De esta simple aritmética se derivan dos cuestiones: el incremento de estatus de cada miembro europeo y de sus ciudadanos, por su pertenencia al conjunto, y las posibilidades de su proyección como actor político en esa esfera internacional, posibilidades en todo punto inexploradas.
Efectivamente, la esencia europea, su relato en este siglo XXI, consiste en una propuesta de civilización que transcienda los particularismos de las culturas, los nacionalismos, siempre en algún grado anclados en criterios de identidad que apelan más a los afectos y a los símbolos que a la racionalidad. El esquema de lo que aquí a muchos nos parece retrógrado: la deriva centrifuga de nacionalismos populistas se replica a nivel europeo- la única diferencia es la perspectiva espacial y temporal en el que se encuadra.
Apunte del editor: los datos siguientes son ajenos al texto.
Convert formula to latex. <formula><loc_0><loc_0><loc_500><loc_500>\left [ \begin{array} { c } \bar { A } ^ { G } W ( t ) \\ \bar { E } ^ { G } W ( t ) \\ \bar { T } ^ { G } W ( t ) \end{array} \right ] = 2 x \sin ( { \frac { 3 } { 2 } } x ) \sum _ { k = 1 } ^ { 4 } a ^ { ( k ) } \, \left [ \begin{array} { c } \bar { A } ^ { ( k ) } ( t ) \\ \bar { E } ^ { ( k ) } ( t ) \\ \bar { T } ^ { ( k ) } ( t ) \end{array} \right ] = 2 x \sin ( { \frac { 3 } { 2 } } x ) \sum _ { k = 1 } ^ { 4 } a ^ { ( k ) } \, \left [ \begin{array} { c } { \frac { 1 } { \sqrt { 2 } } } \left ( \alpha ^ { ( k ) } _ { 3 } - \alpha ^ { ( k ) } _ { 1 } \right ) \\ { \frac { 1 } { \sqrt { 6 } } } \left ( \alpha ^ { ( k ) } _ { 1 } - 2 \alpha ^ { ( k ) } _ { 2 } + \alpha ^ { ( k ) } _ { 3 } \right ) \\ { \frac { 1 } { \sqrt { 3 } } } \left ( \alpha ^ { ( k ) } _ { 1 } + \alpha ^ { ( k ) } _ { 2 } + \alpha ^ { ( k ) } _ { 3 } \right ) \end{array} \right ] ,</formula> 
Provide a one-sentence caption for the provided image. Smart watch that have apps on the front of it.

Los derechos fundamentales siempre son personales, del individuo, nunca colectivos o de grupos en particular y menos aún de territorios. Ahí quedan los derechos forales. Y como colofón la perfección jurídica del esquema de sociedad abierta: individuo, imperio de la Ley y gobierno democrático, le confiere una significación con pretensiones universalistas.
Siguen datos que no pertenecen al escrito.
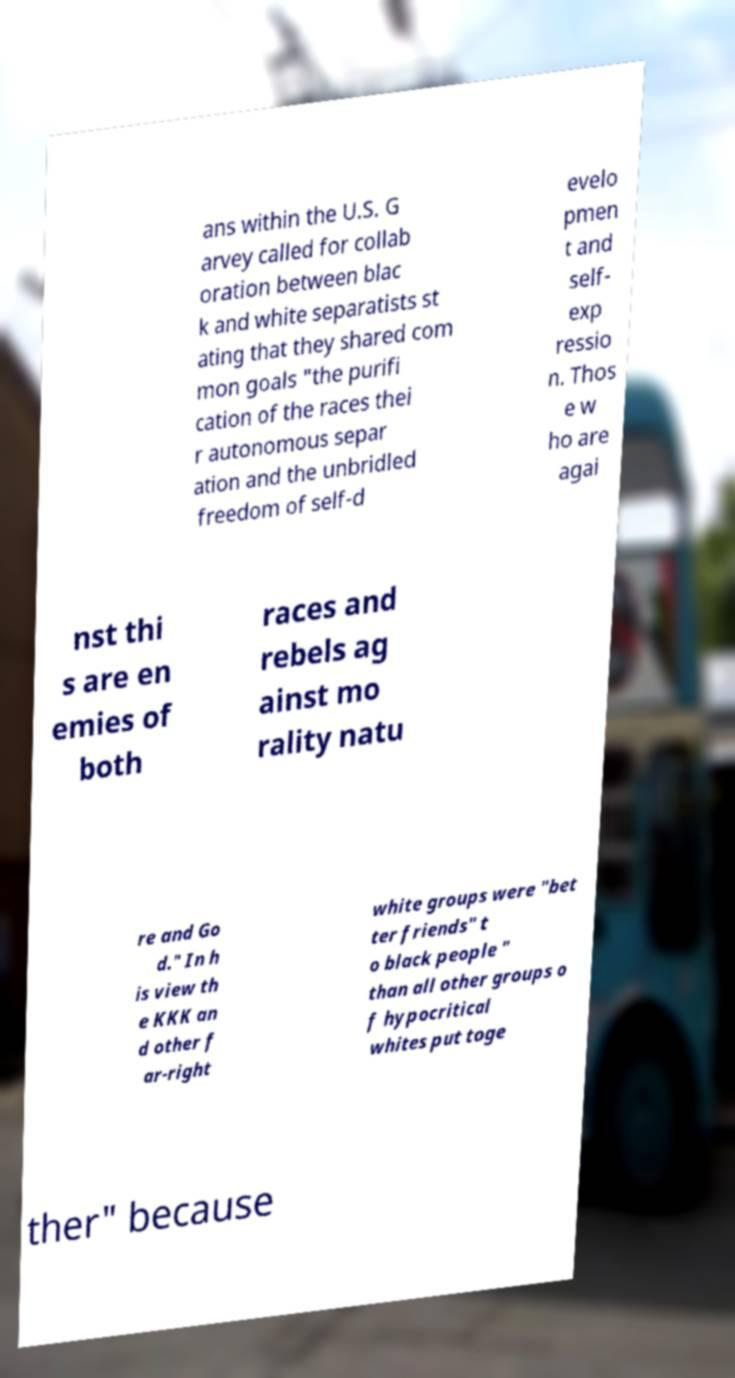Could you assist in decoding the text presented in this image and type it out clearly? ans within the U.S. G arvey called for collab oration between blac k and white separatists st ating that they shared com mon goals "the purifi cation of the races thei r autonomous separ ation and the unbridled freedom of self-d evelo pmen t and self- exp ressio n. Thos e w ho are agai nst thi s are en emies of both races and rebels ag ainst mo rality natu re and Go d." In h is view th e KKK an d other f ar-right white groups were "bet ter friends" t o black people " than all other groups o f hypocritical whites put toge ther" because

Es por esto que la ideología liberal es tan afín a la globalización y ésta, en esencia el fenómeno más democrático de la modernidad. Por lo mismo, la mayor garantía de éxito del proceso es la interdependencia de intereses económicos (sirvan de ejemplo los 1,2 trillones de dólares que China tiene en bonos estadounidenses). En rigor, los nacionalismos desaforados, y cualquier soberanía chocando con la racionalidad ya lo es, encarnan las fuerzas centrifugas y son los enemigos velados de la civilización.
Pequeñas tribus europeas: la nostalgia del apego
Cada una de las grandes naciones europeas tiene su contribución histórica a ese proceso de civilización. Y cuesta desprenderse. La renuencia de Gran Bretaña a Europa responde sobre todo a la dificultad de aceptar que no caben prerrogativas sobre los rasgos más definitorios del orden liberal global, "liberalismo" o "libre mercado", en cuya formación han tenido un papel clave. De la misma manera que Grecia no tiene exclusividad alguna sobre el pensamiento racional, o Italia sobre la Ley, o España, peaje sobre los mares. Sencillamente porque no pueden, porque el alcance de su mérito es ya un patrimonio de todos.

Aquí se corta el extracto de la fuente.